Pm me for your choice of some of my equipment.   

Cooking equipment is better than mere money.....and I don't want my activities to be publicized.


----------



## kitchenelf (Apr 21, 2005)

lol chocolatechef - yes - kitchen stuff is much more prized than money - but not to worry - I never tell on my friends anyway - I was gonna ask for the money first then leave the country


----------



## choclatechef (Apr 21, 2005)

kitchenelf said:
			
		

> lol chocolatechef - yes - kitchen stuff is much more prized than money - but not to worry - I never tell on my friends anyway - I was gonna ask for the money first then leave the country


 
Thanks -- I guess my bluff worked!   

I wasn't really gonna give up the stuff!


----------



## kitchenelf (Apr 21, 2005)

No fair playing MY game!!! lol  I wouldn't give it up either - it would be like giving up a part of your family.  People don't understand why I don't loan cookbooks.  I've had too many not returned.  And it's hard for me to let anyone borrow any of my large stockpots too - or just about anything out of my kitchen lol - I know exactly how you feel.


----------



## Charlotte (Apr 21, 2005)

KE, took MANY Years of lending favorite books and NOT getting them back before I started a small notebook last year - now I write in it every time I lend someone a book or when I borrow one from someone... and there are MANY I will never lend! I don't have enough in my cookbook collection yet, only 64 books so far... and I did cull my cookbooks a few months ago... had outgrown a few...


----------



## kitchenelf (Apr 21, 2005)

Culling cookbooks - that must have been  hard to do even if you outgrew them - I could get rid of some of mine though I think.................I think.


----------



## Michael in FtW (Apr 21, 2005)

I could only get rid of a cookbook if it was REALLY crappy .... humm ... actually ... I do have a couple of those that I haven't tossed ...


----------



## kitchenelf (Apr 21, 2005)

I have a couple of those too Michael - I'd have to do it REALLY fast before I thought about it though.  I stand at around 300 and am running out of room. I'm still a "baby" to the great collectors of the world but I'm still running out of room!


----------



## Charlotte (Apr 22, 2005)

Well my mom has quite the collection - when she still had her house she had over 3000 and now she has about 500 left... I did get a few of those and I passed them on... I also did get gret books from some good friends and have kept them. I understand how hard it is to part with cookbooks, it's easier to give them to family and friends... that way they know what we liked about the books. 

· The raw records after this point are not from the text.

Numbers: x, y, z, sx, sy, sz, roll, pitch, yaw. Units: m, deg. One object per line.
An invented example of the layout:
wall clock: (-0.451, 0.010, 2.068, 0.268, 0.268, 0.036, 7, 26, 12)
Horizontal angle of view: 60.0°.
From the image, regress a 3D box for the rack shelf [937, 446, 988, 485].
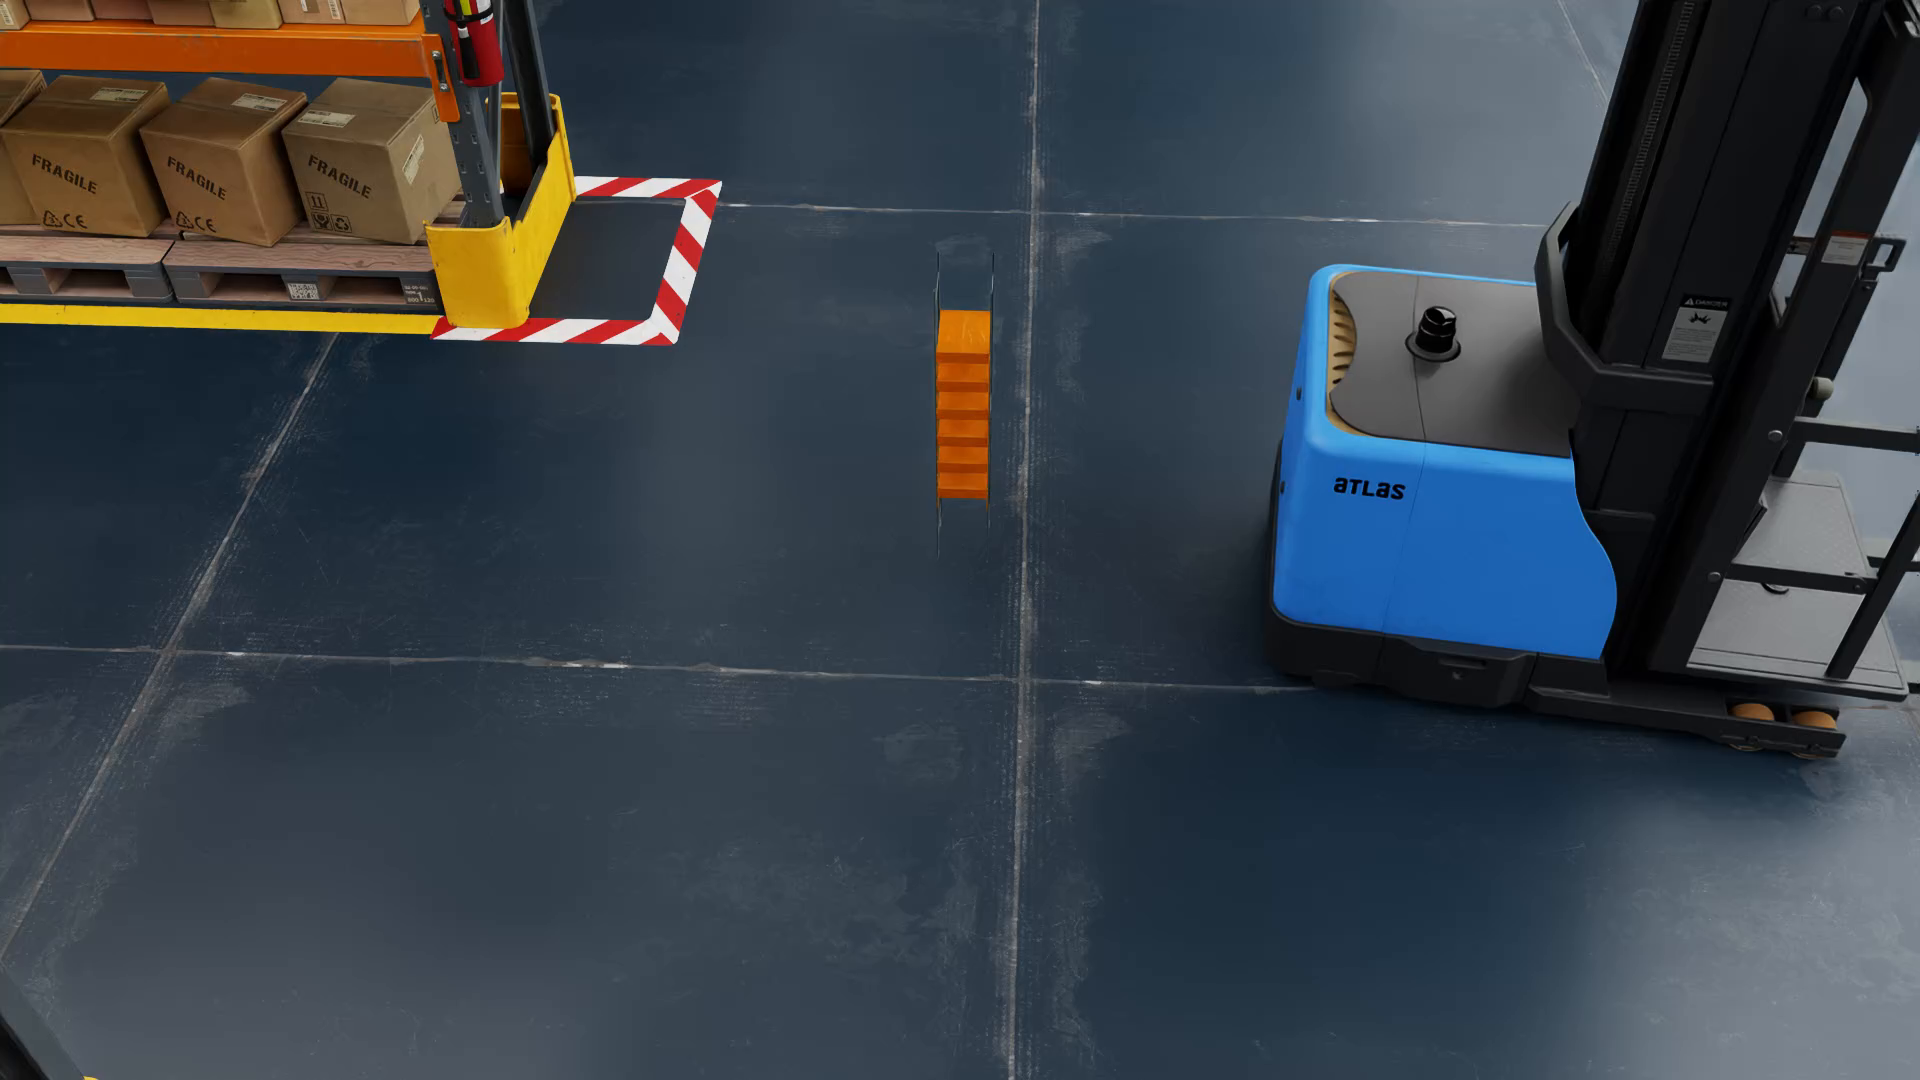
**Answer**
rack shelf: (0.014, -0.318, 5.953, 0.180, 0.103, 0.258, 2, 43, 2)

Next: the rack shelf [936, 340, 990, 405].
rack shelf: (0.014, -0.582, 5.707, 0.180, 0.103, 0.258, 2, 43, 2)

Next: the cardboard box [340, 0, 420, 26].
cardboard box: (-2.267, -2.191, 6.586, 0.250, 0.149, 0.380, 2, 43, 2)

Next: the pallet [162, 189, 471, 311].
pallet: (-2.859, -1.446, 7.647, 1.213, 0.211, 1.003, 2, 43, 2)

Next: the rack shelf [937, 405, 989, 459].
rack shelf: (0.014, -0.406, 5.871, 0.180, 0.103, 0.258, 2, 43, 2)

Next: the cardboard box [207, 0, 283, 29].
cardboard box: (-2.769, -2.172, 6.565, 0.250, 0.149, 0.380, 2, 43, 2)

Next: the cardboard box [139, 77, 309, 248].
cardboard box: (-3.195, -1.680, 7.378, 0.500, 0.500, 0.500, 12, 44, 13)

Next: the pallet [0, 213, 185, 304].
pallet: (-4.074, -1.485, 7.689, 1.213, 0.211, 1.003, 2, 43, 2)

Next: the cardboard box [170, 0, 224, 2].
cardboard box: (-3.026, -2.530, 6.473, 0.500, 0.500, 0.875, 2, 43, 2)

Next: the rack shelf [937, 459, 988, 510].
rack shelf: (0.014, -0.230, 6.034, 0.180, 0.103, 0.258, 2, 43, 2)

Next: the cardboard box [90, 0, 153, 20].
cardboard box: (-3.266, -2.226, 6.623, 0.250, 0.149, 0.380, 2, 43, 2)

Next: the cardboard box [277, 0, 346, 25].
cardboard box: (-2.517, -2.199, 6.594, 0.250, 0.149, 0.380, 2, 43, 2)

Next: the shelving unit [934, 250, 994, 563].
shelving unit: (0.014, -0.439, 5.841, 0.189, 1.200, 0.258, 2, 43, 2)

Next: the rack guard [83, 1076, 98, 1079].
rack guard: (-2.274, 1.902, 3.841, 0.348, 0.500, 1.175, 2, 43, 2)

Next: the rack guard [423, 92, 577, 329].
rack guard: (-2.049, -1.503, 7.496, 0.348, 0.500, 1.175, 2, 43, 2)

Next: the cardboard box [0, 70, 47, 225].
cardboard box: (-4.375, -1.759, 7.464, 0.500, 0.500, 0.500, -2, 43, -2)

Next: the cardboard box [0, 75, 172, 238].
cardboard box: (-3.819, -1.712, 7.412, 0.500, 0.500, 0.500, 5, 43, 6)

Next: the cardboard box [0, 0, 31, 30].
cardboard box: (-3.770, -2.166, 6.558, 0.250, 0.149, 0.380, 2, 43, 2)

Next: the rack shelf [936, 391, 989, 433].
rack shelf: (0.014, -0.494, 5.789, 0.180, 0.103, 0.258, 2, 43, 2)

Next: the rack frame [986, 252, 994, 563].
rack frame: (0.106, -0.436, 5.838, 0.006, 1.200, 0.240, 2, 43, 2)

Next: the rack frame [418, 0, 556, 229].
rack frame: (-1.973, -2.415, 6.642, 0.127, 3.000, 1.000, 2, 43, 2)

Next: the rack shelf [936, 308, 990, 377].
rack shelf: (0.014, -0.669, 5.625, 0.180, 0.103, 0.258, 2, 43, 2)

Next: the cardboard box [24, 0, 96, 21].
cardboard box: (-3.516, -2.218, 6.615, 0.250, 0.149, 0.380, 2, 43, 2)

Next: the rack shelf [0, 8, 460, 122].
rack shelf: (-3.971, -2.213, 6.953, 4.000, 0.370, 1.077, 2, 43, 2)

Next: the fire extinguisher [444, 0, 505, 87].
fire extinguisher: (-1.879, -2.069, 6.327, 0.183, 0.674, 0.296, 2, 43, 2)

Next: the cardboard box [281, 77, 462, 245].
cardboard box: (-2.596, -1.684, 7.383, 0.500, 0.500, 0.500, 9, 44, 10)

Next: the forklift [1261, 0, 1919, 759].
forklift: (2.603, -0.746, 4.900, 3.031, 2.935, 1.130, 7, 43, 7)

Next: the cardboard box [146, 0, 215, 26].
cardboard box: (-3.018, -2.190, 6.585, 0.250, 0.149, 0.380, 2, 43, 2)

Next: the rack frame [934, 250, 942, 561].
rack frame: (-0.077, -0.441, 5.844, 0.006, 1.200, 0.240, 2, 43, 2)

Decluttering is really hard to do, especially when it's time to do it with our books...


----------



## ChocoGirl1 (Apr 22, 2005)

CAke, cookies and the bubblie this sounds like my kind of group! I am the 3.000 member . . . thanks for the party the herbal tea was great!

I am WendieJ. friend of Charlotte actually I just came back from her place. Had a nice visit and some yummy banana bread @ midnight. BTW, I am from Ontario, CAnada near the Falls


----------



## Charlotte (Apr 22, 2005)

You made it!!!!

WOOHOO She is here folks!!

the 3000th member!!!


WELCOME my friend!!!

Jocelyne
Hey what about the tiramisu??? wasn't it great too???


----------



## kitchenelf (Apr 22, 2005)

We need to add on folks - our home needs a few more rooms and kitchens and libraries filled with cookbooks.  Glad you made it!!!!!!!  

Welcome home!


----------



## Charlotte (Apr 22, 2005)

kitchenelf said:
			
		

> .. libraries filled with cookbooks.


 

...as long as you make sure some good cookbooks are strewn about in each and every room, ready to be grabbed for inspiration at any moment!

Jocelyne


----------



## Heat (Apr 22, 2005)

*Welcome Chocogirl1 (wendiej)*

Yeah was a good party was'nt it!!  And, hey you outta introduce yourself in the introductions and birthday section too! Nice to have you here.


----------